I find that the processor in https://github.com/DAMO-NLP-SG/VideoLLaMA2/blob/42bf9fe09656f0a155d96db77178fb74ccc9828d/videollama2/model/__init__.py#L193-L208 is initialized as None. For model_type=mistral in config.json of VideoLLaMA2-7B and VideoLLaMA2-7B-16F, the processor keeps as None, which may cause the traceback above. Could you please help me address the problem? Thanks!

clownrat6 commented 2 months ago

This bug is caused by the inconsistency between ckpt version and code version. We have fix this bug in CKPT. Please redownload CKPT.

ShuyUSTC commented 2 months ago

Another question:

When loading pipeline using:

# Use a pipeline as a high-level helper
from transformers import pipeline

pipe = pipeline("visual-question-answering", model="DAMO-NLP-SG/VideoLLaMA2-7B")

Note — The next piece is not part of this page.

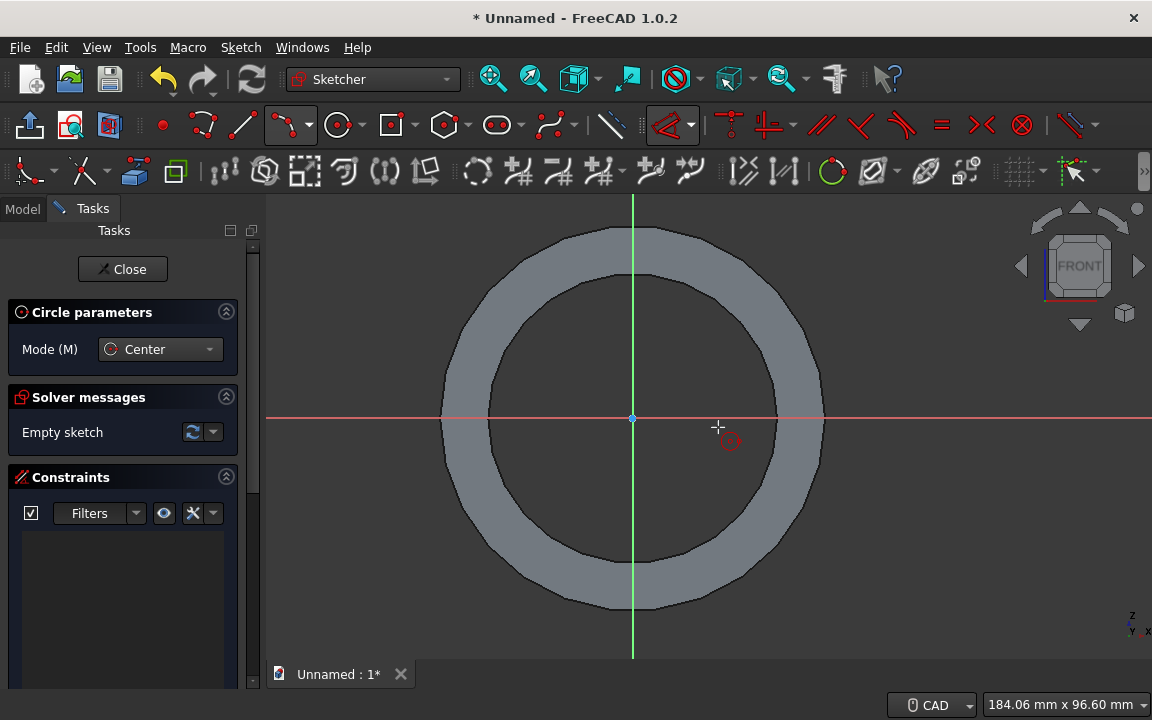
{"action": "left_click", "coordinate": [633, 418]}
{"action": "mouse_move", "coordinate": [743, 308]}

Transformers returns the following traceback:

ValueError: The checkpoint you are trying to load has model type `videollama2_mistral` but Transformers does not recognize this architecture. This could be because of an issue with the checkpoint, or because your version of Transformers is out of date.
clownrat6 commented 2 months ago

Our model is not integrated into transformers. So, pipeline style inference is not supported now.